Custom CPU Designs| page 9

Reply by Tom Gardner ●April 20, 20202020-04-20

On 20/04/20 14:58, David Brown wrote:
> On 18/04/2020 21:38, Rick C wrote:
> Yes, especially for the fine details.&nbsp; But it gets harder again if there can be 
> a varying number of clock cycles in events.&nbsp; You do have the big advantage with 
> FPGAs that timing of different parts is usually independent, unlike on MCUs.
> 
>> It's an area where MCUs can be very difficult to analyze.
>>
> 
> Absolutely.
> 
> You could say that XMOS devices and tools are a middle ground here.

Precisely.

Maybe Rick will get there, if he bothers to put in the effort :)

Reply by Tom Gardner ●April 20, 20202020-04-20

On 18/04/20 22:21, Rick C wrote:
> On Saturday, April 18, 2020 at 10:57:55 AM UTC-4, David Brown wrote:
>> (Arguably that's what you have on an FPGA - lots of tiny bits that do
>> very little on their own.  But the key difference is the tools - FPGA's
>> would be a lot less popular if you had to code each LU individually, do
>> placement manually by numbering them, and write a routing file by hand.)
> 
> Huh?  Why can't any of that be automated in the many CPU chip?  Certainly the issue is not so important with only 144 processors, but the same size chip would have many thousands of processors in a more modern technology.  I think the GA144 is 180 nm.  Bring that down to 15 nm and you have 15,000 nodes on a chip just 5 mm square!!!  That will require better tools for sure.
> 
> Some of your use of language is interesting.  "lots of tiny bits that do very little on their own".  That sounds like the way people write software.  They decompose a large, complex design into lots of tiny routines that individually do little on their own.  How can you manage all that complexity???  Yes, I think the Zeno paradox must apply so that no large program can ever be finished.  That certainly happens sometimes.

Reply by Tom Gardner ●April 20, 20202020-04-20

On 18/04/20 22:21, Rick C wrote:
 > On Saturday, April 18, 2020 at 10:57:55 AM UTC-4, David Brown wrote:
 >> (Arguably that's what you have on an FPGA - lots of tiny bits that do
 >> very little on their own.  But the key difference is the tools - FPGA's
 >> would be a lot less popular if you had to code each LU individually, do
 >> placement manually by numbering them, and write a routing file by hand.)
 >
 > Huh?  Why can't any of that be automated in the many CPU chip?

Good question; if it is easy, why /hasn't/ it been automated?

The software tools are key; they have to exist and be usable.

If you get that wrong you end up with the Itanium (a.k.a. Itanic)
disaster where the hardware's performance was predicated on the
compilers being sufficiently good - but they never were and
people with decades of experience said they never would be.

Or, in the FPGA world, why aren't Pilkington's "sea of gates"
FPGAs around now - because the tools weren't available.

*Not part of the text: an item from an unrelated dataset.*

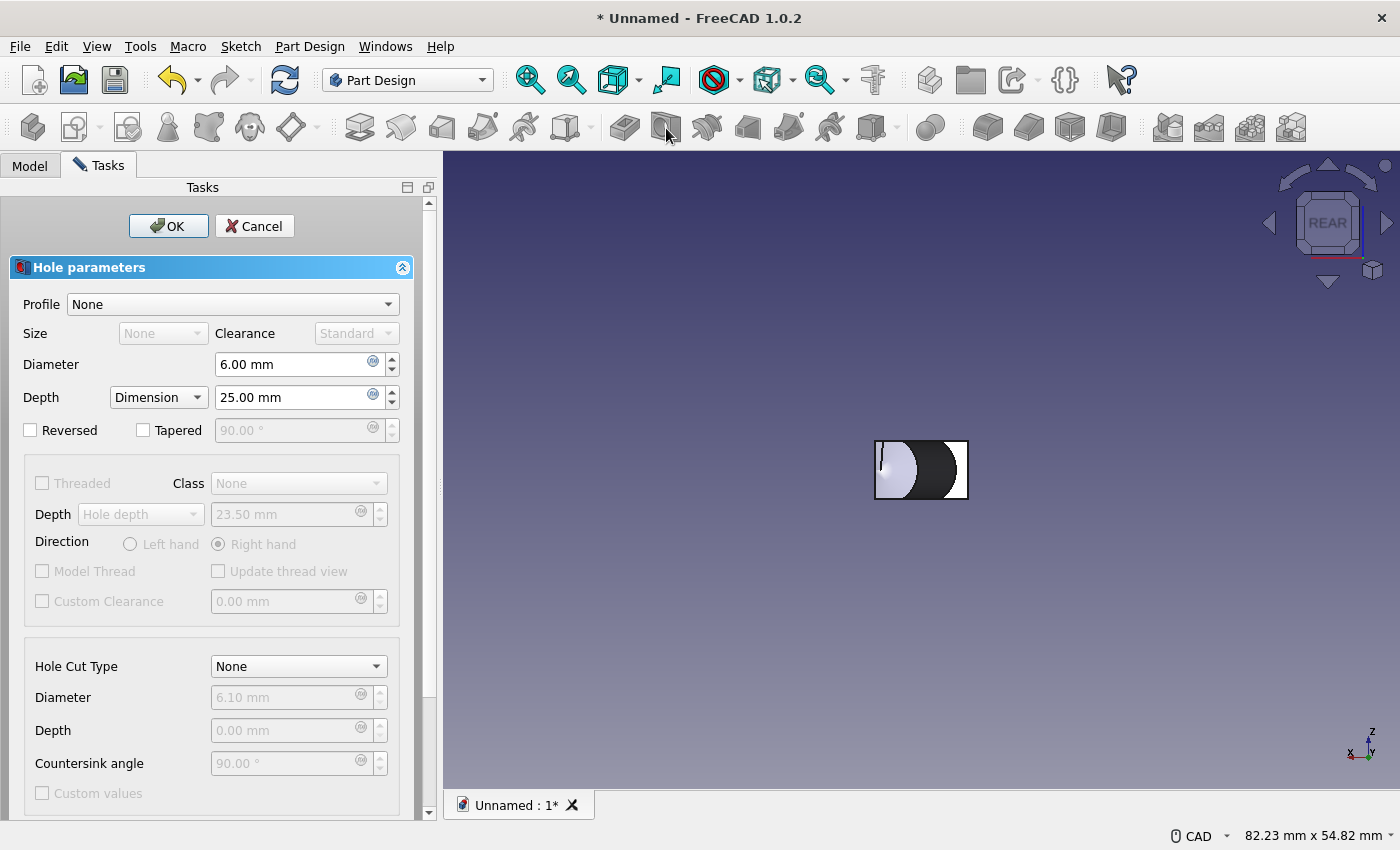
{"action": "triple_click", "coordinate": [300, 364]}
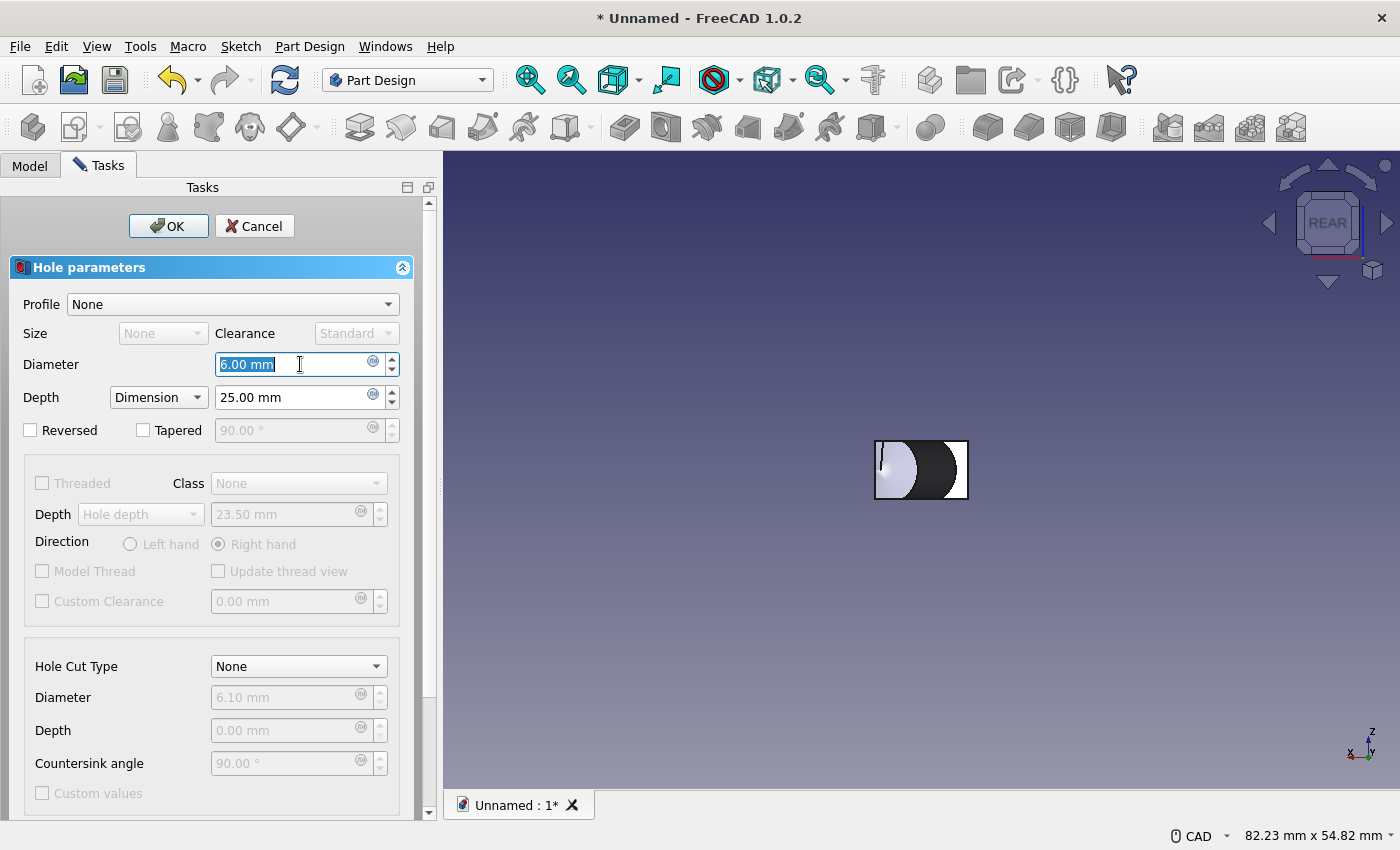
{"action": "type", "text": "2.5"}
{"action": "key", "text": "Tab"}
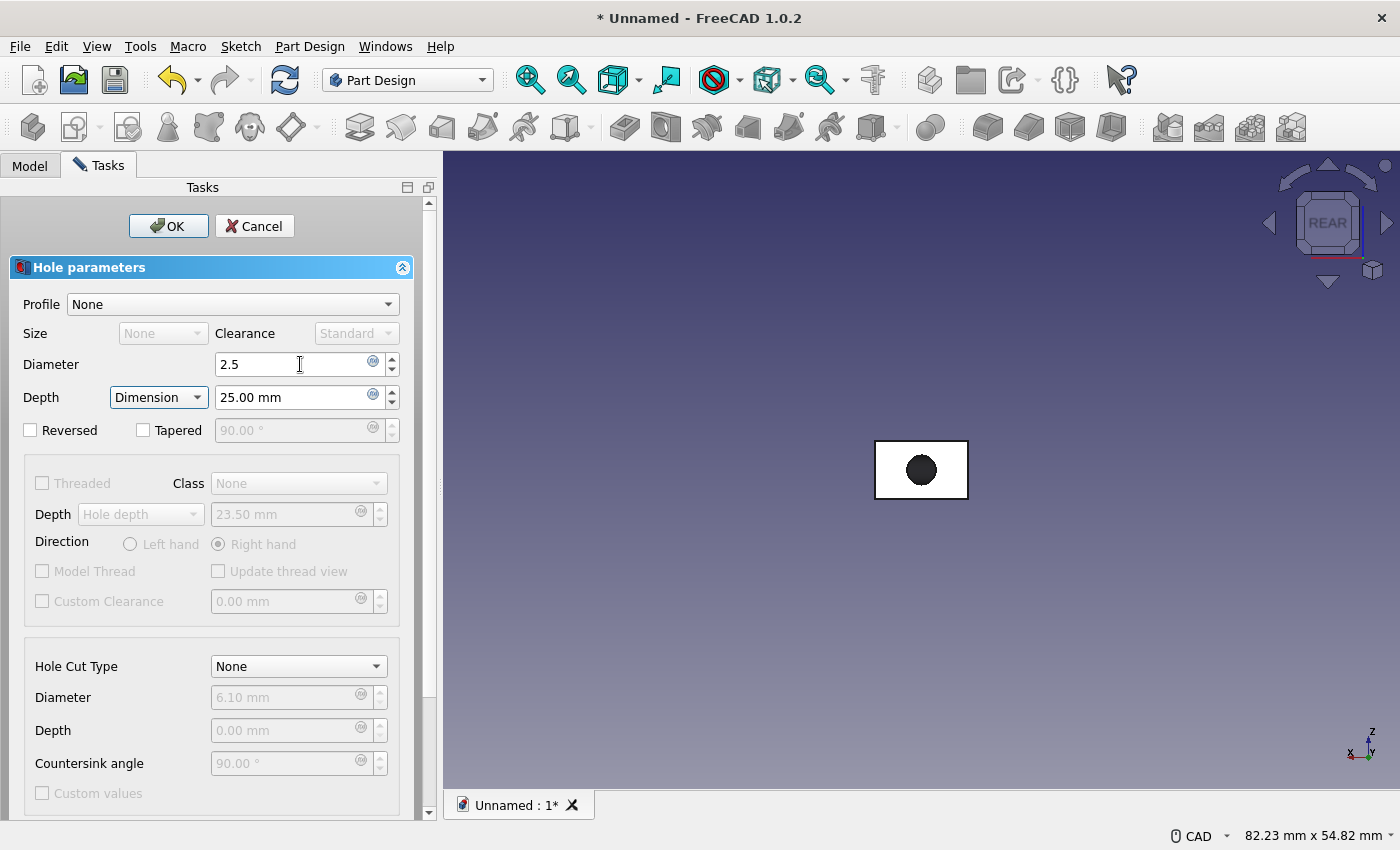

The tools have to be usable; with software (inc XMOS) developers
are used to instant compile-download-debug cycles. FPGA tools can
be much slower (arguably an advantage, but that's a separate
discussion!).

 > Some of your use of language is interesting.  "lots of tiny bits
 > that do very little on their own".  That sounds like the way people
 > write software.  They decompose a large, complex design into lots
 > of tiny routines that individually do little on their own.  How
 > can you manage all that complexity???  Yes, I think the Zeno
 > paradox must apply so that no large program can ever be finished.
 > That certainly happens sometimes.

Take that to the limit and you end up with dataflow machines.
They have been around since the early 80s, and there are good
reasons why they have never become popular.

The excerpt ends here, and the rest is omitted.